Record any unrecorded assets on the credit side and any unrecorded liabilities on the debit side.
Finally, balance the account. A credit balance indicates a profit on revaluation, while a debit balance indicates a loss on revaluation. This profit or loss is then transferred to the partners' capital accounts in their old profit-sharing ratio.
4. What is the correct journal entry procedure for distributing accumulated profits and reserves in the solutions for this chapter?
When solving problems from this chapter, accumulated profits and reserves (like General Reserve, Workmen Compensation Reserve after claim, etc.) must be distributed among the partners in their old profit-sharing ratio.
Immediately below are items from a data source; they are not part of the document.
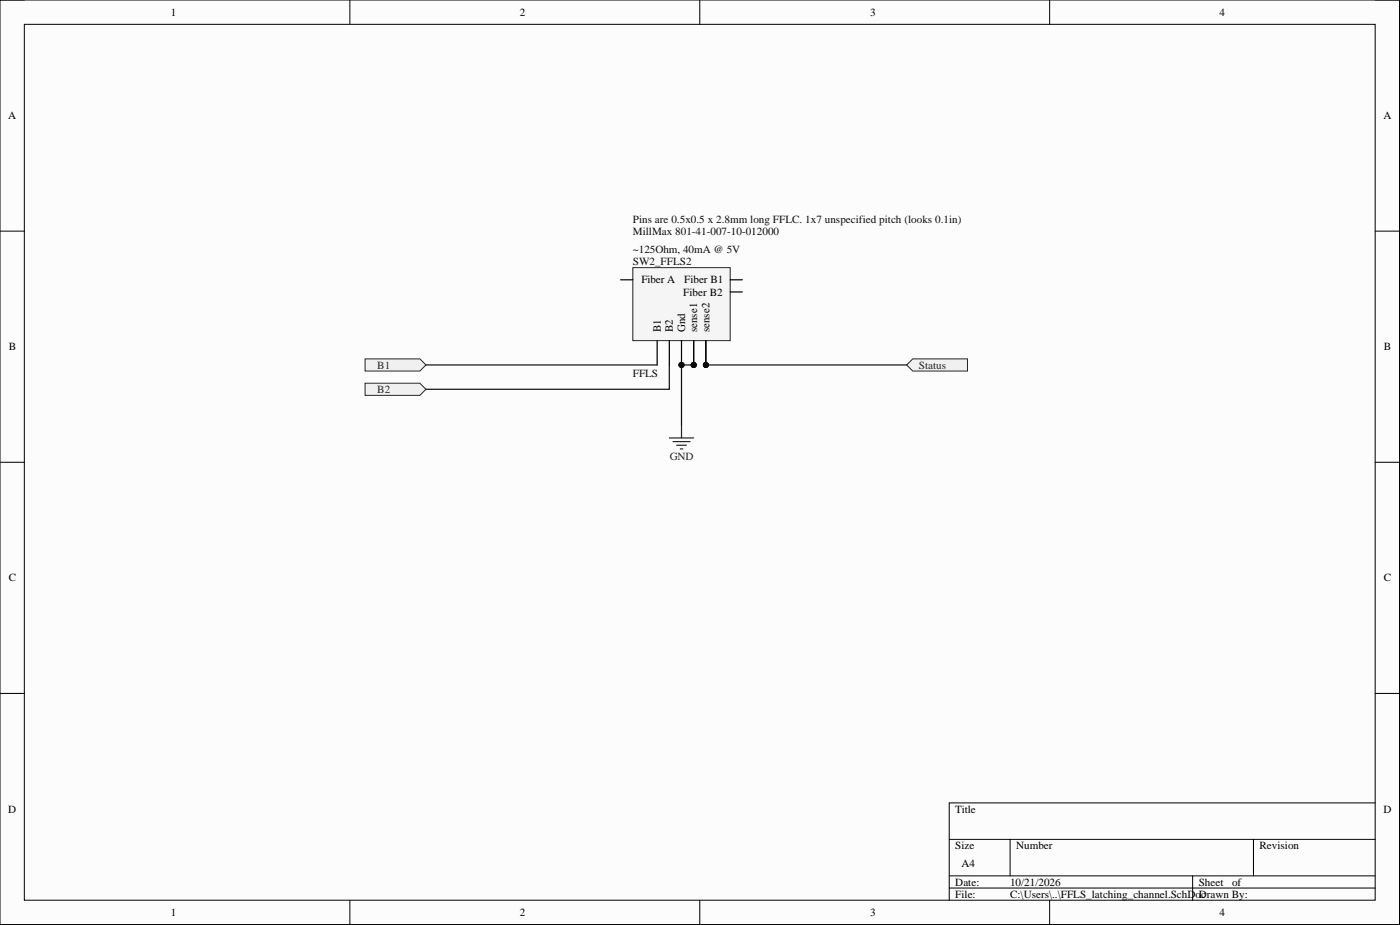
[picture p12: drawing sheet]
<svg xmlns="http://www.w3.org/2000/svg" width="292mm" height="193mm" viewBox="0 0 292 193" stroke-linecap="round" stroke-linejoin="round" font-family="sans-serif">
<defs><g id="words">
<g font-size="2.3">
<text x="35.6" y="3.3">1</text>
<text x="108.5" y="3.3">2</text>
<text x="181.5" y="3.3">3</text>
<text x="254.4" y="3.3">4</text>
<text x="1.7" y="24.9">A</text>
<text x="288.7" y="24.9">A</text>
<text x="133.8" y="59.1">Fiber A</text>
<text x="142.7" y="59.1">Fiber B1</text>
<text x="142.6" y="61.7">Fiber B2</text>
<text x="137.9" y="69.3" transform="rotate(-90 137.9 69.3)">B1</text>
<text x="140.4" y="69.3" transform="rotate(-90 140.4 69.3)">B2</text>
<text x="143" y="69.3" transform="rotate(-90 143 69.3)">Gnd</text>
<text x="145.5" y="69.3" transform="rotate(-90 145.5 69.3)">sense1</text>
<text x="148" y="69.3" transform="rotate(-90 148 69.3)">sense2</text>
<text x="1.8" y="73.1">B</text>
<text x="288.7" y="73.1">B</text>
<text x="1.8" y="121.3">C</text>
<text x="288.7" y="121.3">C</text>
<text x="1.7" y="169.5">D</text>
<text x="199.3" y="169.5">Title</text>
<text x="288.7" y="169.5">D</text>
<text x="199.3" y="177.1">Size</text>
<text x="212" y="177.1">Number</text>
<text x="262.8" y="177.1">Revision</text>
<text x="199.3" y="184.8">Date:</text>
<text x="200.6" y="180.9">A4</text>
<text x="210.7" y="184.8">10/21/2026</text>
<text x="250.1" y="184.8">Sheet</text>
<text x="257.1" y="184.8">of</text>
<text x="35.6" y="191.1">1</text>
<text x="108.5" y="191.1">2</text>
<text x="181.5" y="191.1">3</text>
<text x="199.3" y="187.3">File:</text>
<text x="210.7" y="187.3">C:\Users\..\FFLS_latching_channel.SchDoc</text>
<text x="250.1" y="187.3">Drawn By:</text>
<text x="254.4" y="191.1">4</text>
</g>
<g font-size="2.3" fill="#0e0e0e">
<text x="132" y="46.4">Pins are 0.5x0.5 x 2.8mm long FFLC. 1x7 unspecified pitch (looks 0.1in)</text>
<text x="132" y="52.8">~125Ohm, 40mA @ 5V</text>
<text x="132" y="49">MillMax 801-41-007-10-012000</text>
<text x="132" y="55.3">SW2_FFLS2</text>
<text x="132" y="78.7">FFLS</text>
</g>
<g font-size="2.3" fill="#262626">
<text x="78.7" y="76.9">B1</text>
<text x="191.7" y="76.9">Status</text>
<text x="78.7" y="82">B2</text>
<text x="139.7" y="95.9">GND</text>
</g>
</g></defs>
<path d="M0 0h292v192.9h-292z" fill-rule="evenodd" fill="#fcfcfc"/>
<path d="M0 0h292v192.9h-292z" fill="none" stroke="#000" stroke-width=".21"/>
<path d="M5.1 5.1h281.8v182.7h-281.8z" fill-rule="evenodd" fill="#fcfcfc"/>
<g fill="none" stroke="#000" stroke-width=".21">
<path d="M0 0h5.1M5.1 5.1h281.8v182.7h-281.8zM73 0v5.1M146 0v5.1M219 0v5.1M286.9 0h5.1v5.1M0 48.2h5.1M286.9 48.2h5.1M0 96.4h5.1M286.9 96.4h5.1M0 144.7h5.1M286.9 144.7h5.1"/>
<path d="M198.1 175.1h88.8M210.7 175.1v7.6M261.5 175.1v7.6M286.9 167.5h-88.8v20.3M73 187.8v5.1M146 187.8v5.1M198.1 182.7h88.8M198.1 185.3h88.8M219 187.8v5.1M248.8 182.7v5.1M292 187.8v5.1"/>
</g>
<circle cx="142.2" cy="76.1" r=".51" fill="#0e0e0e"/>
<circle cx="142.2" cy="76.1" r=".51" fill="none" stroke="#0e0e0e" stroke-width=".21"/>
<circle cx="144.7" cy="76.1" r=".51" fill="#0e0e0e"/>
<circle cx="144.7" cy="76.1" r=".51" fill="none" stroke="#0e0e0e" stroke-width=".21"/>
<circle cx="144.7" cy="76.1" r=".51" fill="#0e0e0e"/>
<circle cx="144.7" cy="76.1" r=".51" fill="none" stroke="#0e0e0e" stroke-width=".21"/>
<circle cx="147.3" cy="76.1" r=".51" fill="#0e0e0e"/>
<circle cx="147.3" cy="76.1" r=".51" fill="none" stroke="#0e0e0e" stroke-width=".21"/>
<circle cx="147.3" cy="76.1" r=".51" fill="#0e0e0e"/>
<circle cx="147.3" cy="76.1" r=".51" fill="none" stroke="#0e0e0e" stroke-width=".21"/>
<path d="M132 55.8h20.3v15.3h-20.3z" fill-rule="evenodd" fill="#f5f5f5"/>
<path d="M132 55.8h20.3v15.3h-20.3z" fill="none" stroke="#262626" stroke-width=".21"/>
<path d="M137.1 71.1v5M139.7 71.1v5M142.2 71.1v5" fill="none" stroke="#000" stroke-width=".25"/>
<circle cx="142.2" cy="76.1" r=".51" fill="#0e0e0e"/>
<circle cx="142.2" cy="76.1" r=".51" fill="none" stroke="#0e0e0e" stroke-width=".21"/>
<path d="M144.7 71.1v5" fill="none" stroke="#000" stroke-width=".25"/>
<circle cx="144.7" cy="76.1" r=".51" fill="#0e0e0e"/>
<circle cx="144.7" cy="76.1" r=".51" fill="none" stroke="#0e0e0e" stroke-width=".21"/>
<path d="M144.7 71.1v5" fill="none" stroke="#000" stroke-width=".25"/>
<circle cx="144.7" cy="76.1" r=".51" fill="#0e0e0e"/>
<circle cx="144.7" cy="76.1" r=".51" fill="none" stroke="#0e0e0e" stroke-width=".21"/>
<path d="M147.3 71.1v5" fill="none" stroke="#000" stroke-width=".25"/>
<circle cx="147.3" cy="76.1" r=".51" fill="#0e0e0e"/>
<circle cx="147.3" cy="76.1" r=".51" fill="none" stroke="#0e0e0e" stroke-width=".21"/>
<path d="M147.3 71.1v5" fill="none" stroke="#000" stroke-width=".25"/>
<circle cx="147.3" cy="76.1" r=".51" fill="#0e0e0e"/>
<circle cx="147.3" cy="76.1" r=".51" fill="none" stroke="#0e0e0e" stroke-width=".21"/>
<path d="M129.5 58.4h2.5M152.3 58.4h2.6M152.3 60.9h2.6" fill="none" stroke="#000" stroke-width=".25"/>
<path d="M139.7 91.4h5M140.4 92.1h3.6M141.2 92.9h2M141.9 93.6h.5M142.2 88.8v2.6" fill="none" stroke="#262626" stroke-width=".25"/>
<path d="M76.2 74.9h11.4l1.3 1.2-1.3 1.3h-11.4z" fill-rule="evenodd" fill="#f0f0f0"/>
<path d="M76.2 74.9h11.4l1.3 1.2-1.3 1.3h-11.4z" fill="none" stroke="#262626" stroke-width=".21"/>
<path d="M189.2 76.1l1.2-1.2h11.5v2.5h-11.5z" fill-rule="evenodd" fill="#f0f0f0"/>
<path d="M189.2 76.1l1.2-1.2h11.5v2.5h-11.5z" fill="none" stroke="#262626" stroke-width=".21"/>
<path d="M76.2 79.9h11.4l1.3 1.3-1.3 1.3h-11.4z" fill-rule="evenodd" fill="#f0f0f0"/>
<path d="M76.2 79.9h11.4l1.3 1.3-1.3 1.3h-11.4z" fill="none" stroke="#262626" stroke-width=".21"/>
<path d="M142.2 76.1v12.7" fill="none" stroke="#0e0e0e" stroke-width=".25"/>
<circle cx="142.2" cy="76.1" r=".51" fill="#0e0e0e"/>
<circle cx="142.2" cy="76.1" r=".51" fill="none" stroke="#0e0e0e" stroke-width=".21"/>
<path d="M147.3 76.1h41.9" fill="none" stroke="#0e0e0e" stroke-width=".25"/>
<circle cx="147.3" cy="76.1" r=".51" fill="#0e0e0e"/>
<circle cx="147.3" cy="76.1" r=".51" fill="none" stroke="#0e0e0e" stroke-width=".21"/>
<path d="M142.2 76.1h2.5" fill="none" stroke="#0e0e0e" stroke-width=".25"/>
<circle cx="144.7" cy="76.1" r=".51" fill="#0e0e0e"/>
<circle cx="144.7" cy="76.1" r=".51" fill="none" stroke="#0e0e0e" stroke-width=".21"/>
<circle cx="142.2" cy="76.1" r=".51" fill="#0e0e0e"/>
<circle cx="142.2" cy="76.1" r=".51" fill="none" stroke="#0e0e0e" stroke-width=".21"/>
<path d="M88.9 76.1h48.2M139.7 76.1v5.1h-50.8" fill="none" stroke="#0e0e0e" stroke-width=".25"/>
<use href="#words"/>
</svg>

The correct journal entry is:
For Profits and Reserves:
General Reserve A/c Dr.
Profit & Loss A/c (Credit Balance) Dr.
Workmen Compensation Reserve A/c (Excess) Dr.
To All Partners’ Capital/Current A/cs (in Old Ratio)For Accumulated Losses:
All Partners’ Capital/Current A/cs (in Old Ratio) Dr.
To Profit & Loss A/c (Debit Balance)
To Deferred Revenue Expenditure A/c
5. Why is it crucial to treat Goodwill through the partners' capital accounts instead of raising a Goodwill account in the books when the PSR changes?
It is crucial to adjust Goodwill through partners' capital accounts because, according to Accounting Standard 26 (AS-26) on Intangible Assets, self-generated goodwill cannot be recorded as an asset in the books of accounts. Raising a Goodwill account would violate this principle. The change in PSR is an internal reconstitution; no consideration is paid for goodwill. Therefore, the gaining partner simply compensates the sacrificing partner for their share of the future profits foregone, which is achieved by directly debiting the gaining partner's capital and crediting the sacrificing partner's capital.
6. In solving problems, why must the profit or loss on revaluation be distributed in the *old* profit-sharing ratio and not the new one?
The profit or loss on revaluation must be distributed in the old profit-sharing ratio because this gain or loss relates to the period before the reconstitution of the firm. The increase or decrease in the value of assets and liabilities occurred while the partners were sharing profits and losses in their old ratio. Therefore, they have a right (or obligation) to share the revaluation results in that same historical proportion. Using the new ratio would unfairly benefit gaining partners at the expense of sacrificing partners for value changes that happened in the past.
7. What is the conceptual difference between distributing existing reserves and passing a single adjustment entry for them, and when is each method applied?
The two methods serve different purposes based on the partners' decision:
Distributing Reserves: This method is used when partners decide to close the reserve accounts and transfer the balance to their capital accounts. The reserves no longer appear in the new balance sheet. This is the default treatment unless specified otherwise.
Passing a Single Adjustment Entry: This method is used when partners decide not to alter the book values of reserves and want them to appear in the new balance sheet. An adjustment entry (Gaining Partner's Capital A/c Dr. to Sacrificing Partner's Capital A/c Cr.) is passed for the net effect, similar to the treatment of goodwill. This ensures the gaining partner compensates the sacrificing partner for the future claim on those reserves.
8. How does an unrecorded liability discovered during revaluation impact the final solution in a Chapter 4 problem?
An unrecorded liability has a two-fold impact on the solution:
On the Revaluation Account: The unrecorded liability is an expense that reduces the firm's net worth. It is recorded by debiting the Revaluation Account, which either reduces the revaluation profit or increases the revaluation loss.
On the New Balance Sheet: The liability must be shown on the liabilities side of the new Balance Sheet prepared after the reconstitution. Failing to account for it in both places will lead to an incorrect calculation of revaluation profit/loss and an imbalanced Balance Sheet.